§ Task to complete: Your job with the data below is to output exactly the lines from the one holding "#8 car from (810, 855) to (912, 939)" down to the one holding "#12 car from (922, 851) to (981, 869)", both included, and no others.

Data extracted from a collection
_ _ _ _

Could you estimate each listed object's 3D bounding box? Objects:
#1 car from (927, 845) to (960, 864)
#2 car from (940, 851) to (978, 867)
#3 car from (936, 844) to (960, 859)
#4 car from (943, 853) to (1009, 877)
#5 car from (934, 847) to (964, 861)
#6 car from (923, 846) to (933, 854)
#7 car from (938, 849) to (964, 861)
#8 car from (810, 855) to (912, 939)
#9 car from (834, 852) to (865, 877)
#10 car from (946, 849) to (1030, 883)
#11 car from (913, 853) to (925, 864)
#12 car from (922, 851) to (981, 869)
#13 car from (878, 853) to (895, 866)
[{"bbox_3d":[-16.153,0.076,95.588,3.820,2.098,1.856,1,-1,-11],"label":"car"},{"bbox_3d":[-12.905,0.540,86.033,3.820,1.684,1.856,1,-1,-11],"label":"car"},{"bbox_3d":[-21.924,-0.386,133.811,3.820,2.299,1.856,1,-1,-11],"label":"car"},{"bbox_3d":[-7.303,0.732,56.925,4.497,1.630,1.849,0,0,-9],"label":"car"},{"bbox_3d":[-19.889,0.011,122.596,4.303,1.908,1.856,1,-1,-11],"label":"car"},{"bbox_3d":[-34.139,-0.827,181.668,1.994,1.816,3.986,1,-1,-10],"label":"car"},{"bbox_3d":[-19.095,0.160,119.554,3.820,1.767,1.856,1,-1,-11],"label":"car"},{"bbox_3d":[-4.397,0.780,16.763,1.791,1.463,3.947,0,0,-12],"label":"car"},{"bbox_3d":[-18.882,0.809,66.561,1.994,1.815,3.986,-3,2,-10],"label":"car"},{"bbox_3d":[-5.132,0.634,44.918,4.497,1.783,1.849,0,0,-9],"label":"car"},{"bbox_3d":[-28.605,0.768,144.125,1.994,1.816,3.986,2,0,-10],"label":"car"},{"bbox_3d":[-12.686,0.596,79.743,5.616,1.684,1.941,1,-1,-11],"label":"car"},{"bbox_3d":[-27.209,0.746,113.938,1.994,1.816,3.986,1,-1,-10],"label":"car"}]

_ _ _ _

§ Written response:
#8 car from (810, 855) to (912, 939)
#9 car from (834, 852) to (865, 877)
#10 car from (946, 849) to (1030, 883)
#11 car from (913, 853) to (925, 864)
#12 car from (922, 851) to (981, 869)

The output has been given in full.